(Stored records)
━━━

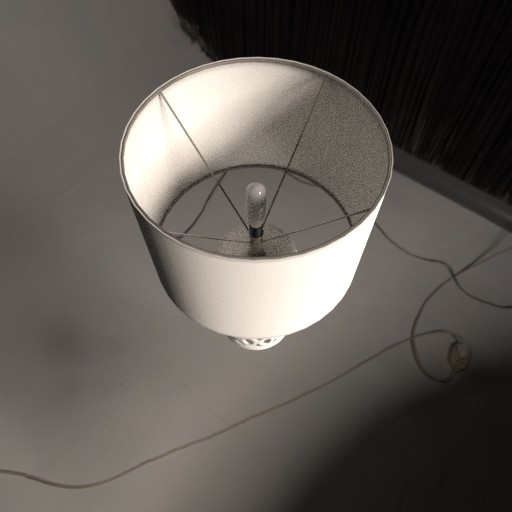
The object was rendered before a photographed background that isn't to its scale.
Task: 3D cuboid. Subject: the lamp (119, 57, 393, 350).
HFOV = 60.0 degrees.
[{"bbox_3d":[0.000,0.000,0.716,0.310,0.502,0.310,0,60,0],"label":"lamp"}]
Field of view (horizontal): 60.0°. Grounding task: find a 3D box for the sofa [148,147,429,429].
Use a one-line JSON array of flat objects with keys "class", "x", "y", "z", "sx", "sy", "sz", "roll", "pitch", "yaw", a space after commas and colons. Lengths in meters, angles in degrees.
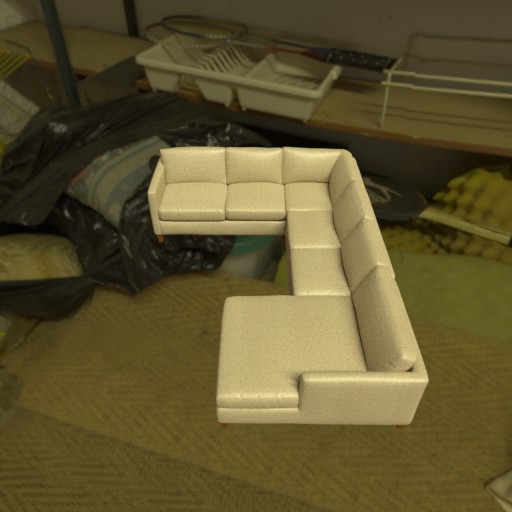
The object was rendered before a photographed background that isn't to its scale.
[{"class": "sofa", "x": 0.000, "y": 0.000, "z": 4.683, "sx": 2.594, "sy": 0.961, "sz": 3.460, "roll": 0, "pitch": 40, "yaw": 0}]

━━━

_YOUR ASSIGNMENT:_ Reproduce each line of the records exactly and exclude any images.

_REPLY TO THE TASK:_
The object was rendered before a photographed background that isn't to its scale.
Task: 3D cuboid. Subject: the lamp (119, 57, 393, 350).
HFOV = 60.0 degrees.
[{"bbox_3d":[0.000,0.000,0.716,0.310,0.502,0.310,0,60,0],"label":"lamp"}]
Field of view (horizontal): 60.0°. Grounding task: find a 3D box for the sofa [148,147,429,429].
Use a one-line JSON array of flat objects with keys "class", "x", "y", "z", "sx", "sy", "sz", "roll", "pitch", "yaw", a space after commas and colons. Lengths in meters, angles in degrees.
The object was rendered before a photographed background that isn't to its scale.
[{"class": "sofa", "x": 0.000, "y": 0.000, "z": 4.683, "sx": 2.594, "sy": 0.961, "sz": 3.460, "roll": 0, "pitch": 40, "yaw": 0}]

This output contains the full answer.